Tuesday, March 16, 2010


            As many times as I have heard a doctor on Grey’s Anatomy yell “stat” or “get a crash cart,” I have never heard those frantic statements at Vanderbilt Children’s.  Though I am only there one day each week you would think that I would have experienced this sort of thing.  But thankfully, I haven’t.  Well, that was until today.  This morning I observed two swallow studies, one with an 11 year old who chokes on solids yet today did perfectly, and a four month old with severe shaken baby syndrome.  That one was absolutely horrible.  But she’s making incredible progress and though she will be dealing with the residual effects of the unthinkable actions of her father for the rest of her life, she is doing remarkably well.
            Next we headed to the floors and saw the most adorable 12 month old, diagnosed with severe respiratory distress and croup.  He was dressed in Batman pajamas and had the biggest blue eyes I have ever seen.  His dad claimed that he is 10-0 in staring contests with those things J  

            But despite his smiles and all of the cuddles he was giving my supervisor as we took him for a walk around the unit, the poor thing sounded like he could barely breathe.  The doctors reported that his airway had been reduced to the size of a pinhole and he was receiving breathing treatments multiple times a day just to keep it open.  After taking him for a walk we told Mom and Dad that we would be back to try a feeding with him in a few hours.  We then moved on to check on some other patients. 

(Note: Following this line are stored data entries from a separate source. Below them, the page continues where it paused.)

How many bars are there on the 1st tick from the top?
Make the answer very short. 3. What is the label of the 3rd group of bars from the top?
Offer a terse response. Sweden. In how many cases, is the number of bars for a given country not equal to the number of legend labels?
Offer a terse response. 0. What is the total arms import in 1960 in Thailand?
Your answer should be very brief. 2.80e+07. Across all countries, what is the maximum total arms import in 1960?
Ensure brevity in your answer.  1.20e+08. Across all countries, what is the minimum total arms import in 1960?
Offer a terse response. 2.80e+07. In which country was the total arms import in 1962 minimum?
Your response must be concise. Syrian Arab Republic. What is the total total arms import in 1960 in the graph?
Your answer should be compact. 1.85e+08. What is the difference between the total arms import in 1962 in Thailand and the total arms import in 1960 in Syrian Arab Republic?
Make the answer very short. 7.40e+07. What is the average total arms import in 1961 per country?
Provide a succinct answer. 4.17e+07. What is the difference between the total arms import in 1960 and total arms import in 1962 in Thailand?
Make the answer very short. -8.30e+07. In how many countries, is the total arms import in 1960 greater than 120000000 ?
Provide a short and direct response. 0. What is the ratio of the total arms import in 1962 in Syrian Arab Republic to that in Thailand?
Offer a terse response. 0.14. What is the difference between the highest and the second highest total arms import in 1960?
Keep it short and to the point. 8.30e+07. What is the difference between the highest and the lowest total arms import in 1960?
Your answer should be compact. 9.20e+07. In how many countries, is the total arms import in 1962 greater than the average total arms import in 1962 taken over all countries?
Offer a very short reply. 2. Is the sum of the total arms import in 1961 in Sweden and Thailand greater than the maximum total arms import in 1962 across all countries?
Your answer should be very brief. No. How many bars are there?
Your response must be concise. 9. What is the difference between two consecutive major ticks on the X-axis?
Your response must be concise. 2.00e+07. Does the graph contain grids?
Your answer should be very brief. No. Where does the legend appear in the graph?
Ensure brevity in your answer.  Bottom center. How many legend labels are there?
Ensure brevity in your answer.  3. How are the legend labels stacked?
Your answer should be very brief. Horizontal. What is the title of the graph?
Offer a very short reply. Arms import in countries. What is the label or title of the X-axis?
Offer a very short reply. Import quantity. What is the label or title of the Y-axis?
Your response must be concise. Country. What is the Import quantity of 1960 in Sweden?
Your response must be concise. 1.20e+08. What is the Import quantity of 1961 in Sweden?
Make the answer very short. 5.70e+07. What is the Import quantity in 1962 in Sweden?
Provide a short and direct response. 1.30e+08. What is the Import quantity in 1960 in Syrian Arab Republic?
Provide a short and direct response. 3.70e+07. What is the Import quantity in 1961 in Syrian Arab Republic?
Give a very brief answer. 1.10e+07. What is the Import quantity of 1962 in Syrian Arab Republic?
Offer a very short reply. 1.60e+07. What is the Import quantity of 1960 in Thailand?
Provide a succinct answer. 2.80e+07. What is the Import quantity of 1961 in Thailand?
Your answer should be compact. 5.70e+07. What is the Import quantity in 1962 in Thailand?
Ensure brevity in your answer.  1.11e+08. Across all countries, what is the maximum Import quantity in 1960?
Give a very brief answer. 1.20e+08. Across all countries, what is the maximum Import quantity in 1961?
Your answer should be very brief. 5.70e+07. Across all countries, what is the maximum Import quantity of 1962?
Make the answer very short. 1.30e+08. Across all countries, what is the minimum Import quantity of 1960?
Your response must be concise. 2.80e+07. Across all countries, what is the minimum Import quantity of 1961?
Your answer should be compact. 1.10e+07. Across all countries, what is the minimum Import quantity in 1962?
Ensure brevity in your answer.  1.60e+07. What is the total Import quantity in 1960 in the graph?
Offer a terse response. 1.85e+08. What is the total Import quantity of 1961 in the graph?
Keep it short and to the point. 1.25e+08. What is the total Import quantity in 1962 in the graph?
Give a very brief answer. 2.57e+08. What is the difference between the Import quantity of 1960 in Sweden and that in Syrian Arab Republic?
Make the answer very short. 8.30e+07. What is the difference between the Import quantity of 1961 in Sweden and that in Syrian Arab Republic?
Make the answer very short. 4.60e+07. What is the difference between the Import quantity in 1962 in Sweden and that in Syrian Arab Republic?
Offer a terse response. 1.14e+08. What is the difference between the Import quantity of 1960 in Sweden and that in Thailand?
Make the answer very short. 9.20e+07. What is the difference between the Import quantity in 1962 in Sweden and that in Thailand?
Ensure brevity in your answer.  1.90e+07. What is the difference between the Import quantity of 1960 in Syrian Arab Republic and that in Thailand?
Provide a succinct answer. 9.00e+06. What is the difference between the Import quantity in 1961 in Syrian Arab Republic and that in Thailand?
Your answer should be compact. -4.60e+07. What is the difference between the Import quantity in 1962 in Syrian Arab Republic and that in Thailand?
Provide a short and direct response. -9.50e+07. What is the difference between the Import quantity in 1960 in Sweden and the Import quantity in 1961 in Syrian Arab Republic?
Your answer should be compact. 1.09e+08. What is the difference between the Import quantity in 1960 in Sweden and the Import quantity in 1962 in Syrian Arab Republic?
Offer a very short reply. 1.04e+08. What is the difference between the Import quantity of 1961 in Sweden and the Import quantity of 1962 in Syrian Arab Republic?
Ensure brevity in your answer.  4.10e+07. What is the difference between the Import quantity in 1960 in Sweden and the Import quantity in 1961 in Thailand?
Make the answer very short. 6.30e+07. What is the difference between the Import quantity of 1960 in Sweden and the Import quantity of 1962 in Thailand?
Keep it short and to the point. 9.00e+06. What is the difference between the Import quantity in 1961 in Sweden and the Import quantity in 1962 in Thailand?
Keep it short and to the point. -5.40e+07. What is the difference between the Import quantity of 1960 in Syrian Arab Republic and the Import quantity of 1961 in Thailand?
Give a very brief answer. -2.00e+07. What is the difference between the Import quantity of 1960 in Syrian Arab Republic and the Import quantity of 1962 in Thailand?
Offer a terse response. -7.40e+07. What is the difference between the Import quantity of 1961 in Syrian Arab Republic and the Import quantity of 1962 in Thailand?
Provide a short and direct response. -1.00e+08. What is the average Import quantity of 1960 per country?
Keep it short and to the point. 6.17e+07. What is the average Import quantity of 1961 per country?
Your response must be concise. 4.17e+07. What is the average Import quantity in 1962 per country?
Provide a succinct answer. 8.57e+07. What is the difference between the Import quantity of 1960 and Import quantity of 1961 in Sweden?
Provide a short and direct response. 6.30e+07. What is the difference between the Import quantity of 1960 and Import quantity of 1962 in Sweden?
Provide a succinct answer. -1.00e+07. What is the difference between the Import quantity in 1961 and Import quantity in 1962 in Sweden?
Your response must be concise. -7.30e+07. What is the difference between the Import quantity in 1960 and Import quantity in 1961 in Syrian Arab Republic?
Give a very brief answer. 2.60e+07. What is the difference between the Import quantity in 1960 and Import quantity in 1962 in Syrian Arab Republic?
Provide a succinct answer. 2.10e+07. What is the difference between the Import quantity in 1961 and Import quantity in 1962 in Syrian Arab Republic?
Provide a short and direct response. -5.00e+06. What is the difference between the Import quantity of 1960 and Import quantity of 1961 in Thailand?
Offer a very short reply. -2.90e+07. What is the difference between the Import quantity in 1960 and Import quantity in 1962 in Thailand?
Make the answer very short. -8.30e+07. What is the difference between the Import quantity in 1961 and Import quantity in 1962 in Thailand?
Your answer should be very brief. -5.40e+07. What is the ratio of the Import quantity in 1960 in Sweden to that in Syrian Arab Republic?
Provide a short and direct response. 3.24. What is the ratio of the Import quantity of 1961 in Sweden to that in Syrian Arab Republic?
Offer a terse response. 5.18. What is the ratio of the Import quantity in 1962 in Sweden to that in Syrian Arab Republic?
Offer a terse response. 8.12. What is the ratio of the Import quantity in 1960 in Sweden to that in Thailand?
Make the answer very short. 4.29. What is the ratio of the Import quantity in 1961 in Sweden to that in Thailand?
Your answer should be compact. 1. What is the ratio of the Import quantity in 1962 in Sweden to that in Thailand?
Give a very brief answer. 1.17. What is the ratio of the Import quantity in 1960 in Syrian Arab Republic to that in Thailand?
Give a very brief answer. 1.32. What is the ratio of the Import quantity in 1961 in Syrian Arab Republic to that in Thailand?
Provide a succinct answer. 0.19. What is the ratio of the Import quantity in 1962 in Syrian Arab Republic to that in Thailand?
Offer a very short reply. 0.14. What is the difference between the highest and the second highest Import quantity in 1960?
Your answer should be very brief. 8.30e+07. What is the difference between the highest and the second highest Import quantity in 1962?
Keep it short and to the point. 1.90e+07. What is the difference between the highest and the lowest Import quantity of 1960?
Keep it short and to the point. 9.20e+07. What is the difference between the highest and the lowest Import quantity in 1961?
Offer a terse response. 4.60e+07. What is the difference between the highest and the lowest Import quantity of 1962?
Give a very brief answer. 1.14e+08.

While in one of the cardiac pods we heard an alarm go off and a “stat” was called for the VCH 8th floor.  My supervisors face went pale and she said, “I hope that’s not our baby.”  Sure enough, the little one in the Batman pajamas had crashed and the emergency ICU team went running past us towards his pod.  The doctors here are the best at what they do and this routine is old hat for them but that doesn’t mean that my heart didn’t drop into my stomach when I saw them racing to little Batman’s room.  Luckily, they were able to get his breathing and heart rate under control and they made a plan to move him into the PICU.  Though this may technically be a step backwards, he will now be monitored closely at all times and they will hopefully figure out how to help him breathe more easily.  Despite all this drama, we ended the day on a high note after stopping by to see a NICU baby with a cleft palate and we watched him eat by mouth with relative success after many, many failed attempts!
Despite the hard stuff, it can be a pretty magical place sometimes!